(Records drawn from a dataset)
####

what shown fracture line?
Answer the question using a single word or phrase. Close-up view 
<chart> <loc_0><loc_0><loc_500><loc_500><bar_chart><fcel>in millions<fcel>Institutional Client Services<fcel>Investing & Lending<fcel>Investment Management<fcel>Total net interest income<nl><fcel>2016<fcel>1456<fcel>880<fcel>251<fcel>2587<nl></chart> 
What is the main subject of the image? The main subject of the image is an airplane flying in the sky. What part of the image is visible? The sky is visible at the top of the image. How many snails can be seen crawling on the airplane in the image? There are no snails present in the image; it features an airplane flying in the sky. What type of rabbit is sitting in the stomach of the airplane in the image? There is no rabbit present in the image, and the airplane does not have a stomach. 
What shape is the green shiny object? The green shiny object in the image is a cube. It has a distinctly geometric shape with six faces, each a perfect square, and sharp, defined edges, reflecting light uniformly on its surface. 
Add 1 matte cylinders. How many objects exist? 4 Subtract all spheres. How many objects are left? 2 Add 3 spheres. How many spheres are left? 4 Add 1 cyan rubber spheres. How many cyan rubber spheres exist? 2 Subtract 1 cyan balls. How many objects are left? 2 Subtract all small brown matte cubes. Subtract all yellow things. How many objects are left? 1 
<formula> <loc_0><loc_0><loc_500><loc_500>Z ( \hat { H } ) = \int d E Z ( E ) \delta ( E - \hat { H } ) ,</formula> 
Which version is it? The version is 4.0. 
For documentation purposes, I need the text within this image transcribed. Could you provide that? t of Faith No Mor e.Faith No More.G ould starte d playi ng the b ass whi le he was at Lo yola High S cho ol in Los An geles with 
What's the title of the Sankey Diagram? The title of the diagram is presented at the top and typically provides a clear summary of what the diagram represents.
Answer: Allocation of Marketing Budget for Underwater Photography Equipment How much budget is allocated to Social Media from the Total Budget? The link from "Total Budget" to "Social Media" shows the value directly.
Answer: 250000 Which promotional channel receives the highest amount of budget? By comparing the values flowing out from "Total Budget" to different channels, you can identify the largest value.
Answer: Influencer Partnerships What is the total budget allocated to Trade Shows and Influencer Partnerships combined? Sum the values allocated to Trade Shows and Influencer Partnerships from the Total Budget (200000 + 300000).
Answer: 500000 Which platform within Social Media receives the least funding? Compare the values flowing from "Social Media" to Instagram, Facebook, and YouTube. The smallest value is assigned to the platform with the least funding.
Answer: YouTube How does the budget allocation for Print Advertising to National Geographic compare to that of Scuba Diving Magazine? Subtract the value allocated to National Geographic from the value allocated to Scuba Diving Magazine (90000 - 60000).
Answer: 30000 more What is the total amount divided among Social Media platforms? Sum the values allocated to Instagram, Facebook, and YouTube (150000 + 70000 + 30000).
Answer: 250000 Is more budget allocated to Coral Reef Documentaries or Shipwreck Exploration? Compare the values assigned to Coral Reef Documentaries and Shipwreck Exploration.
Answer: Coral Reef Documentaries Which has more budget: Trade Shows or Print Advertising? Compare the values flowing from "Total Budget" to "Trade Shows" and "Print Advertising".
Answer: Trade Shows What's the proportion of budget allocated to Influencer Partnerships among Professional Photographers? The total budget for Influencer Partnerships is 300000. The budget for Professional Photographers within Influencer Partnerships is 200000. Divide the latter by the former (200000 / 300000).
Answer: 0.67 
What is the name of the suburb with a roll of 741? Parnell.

####

• _Work order_: Please write out each entry shown above exactly as given.

• _Task response_:
what shown fracture line?
Answer the question using a single word or phrase. Close-up view 
<chart> <loc_0><loc_0><loc_500><loc_500><bar_chart><fcel>in millions<fcel>Institutional Client Services<fcel>Investing & Lending<fcel>Investment Management<fcel>Total net interest income<nl><fcel>2016<fcel>1456<fcel>880<fcel>251<fcel>2587<nl></chart> 
What is the main subject of the image? The main subject of the image is an airplane flying in the sky. What part of the image is visible? The sky is visible at the top of the image. How many snails can be seen crawling on the airplane in the image? There are no snails present in the image; it features an airplane flying in the sky. What type of rabbit is sitting in the stomach of the airplane in the image? There is no rabbit present in the image, and the airplane does not have a stomach. 
What shape is the green shiny object? The green shiny object in the image is a cube. It has a distinctly geometric shape with six faces, each a perfect square, and sharp, defined edges, reflecting light uniformly on its surface. 
Add 1 matte cylinders. How many objects exist? 4 Subtract all spheres. How many objects are left? 2 Add 3 spheres. How many spheres are left? 4 Add 1 cyan rubber spheres. How many cyan rubber spheres exist? 2 Subtract 1 cyan balls. How many objects are left? 2 Subtract all small brown matte cubes. Subtract all yellow things. How many objects are left? 1 
<formula> <loc_0><loc_0><loc_500><loc_500>Z ( \hat { H } ) = \int d E Z ( E ) \delta ( E - \hat { H } ) ,</formula> 
Which version is it? The version is 4.0. 
For documentation purposes, I need the text within this image transcribed. Could you provide that? t of Faith No Mor e.Faith No More.G ould starte d playi ng the b ass whi le he was at Lo yola High S cho ol in Los An geles with 
What's the title of the Sankey Diagram? The title of the diagram is presented at the top and typically provides a clear summary of what the diagram represents.
Answer: Allocation of Marketing Budget for Underwater Photography Equipment How much budget is allocated to Social Media from the Total Budget? The link from "Total Budget" to "Social Media" shows the value directly.
Answer: 250000 Which promotional channel receives the highest amount of budget? By comparing the values flowing out from "Total Budget" to different channels, you can identify the largest value.
Answer: Influencer Partnerships What is the total budget allocated to Trade Shows and Influencer Partnerships combined? Sum the values allocated to Trade Shows and Influencer Partnerships from the Total Budget (200000 + 300000).
Answer: 500000 Which platform within Social Media receives the least funding? Compare the values flowing from "Social Media" to Instagram, Facebook, and YouTube. The smallest value is assigned to the platform with the least funding.
Answer: YouTube How does the budget allocation for Print Advertising to National Geographic compare to that of Scuba Diving Magazine? Subtract the value allocated to National Geographic from the value allocated to Scuba Diving Magazine (90000 - 60000).
Answer: 30000 more What is the total amount divided among Social Media platforms? Sum the values allocated to Instagram, Facebook, and YouTube (150000 + 70000 + 30000).
Answer: 250000 Is more budget allocated to Coral Reef Documentaries or Shipwreck Exploration? Compare the values assigned to Coral Reef Documentaries and Shipwreck Exploration.
Answer: Coral Reef Documentaries Which has more budget: Trade Shows or Print Advertising? Compare the values flowing from "Total Budget" to "Trade Shows" and "Print Advertising".
Answer: Trade Shows What's the proportion of budget allocated to Influencer Partnerships among Professional Photographers? The total budget for Influencer Partnerships is 300000. The budget for Professional Photographers within Influencer Partnerships is 200000. Divide the latter by the former (200000 / 300000).
Answer: 0.67 
What is the name of the suburb with a roll of 741? Parnell.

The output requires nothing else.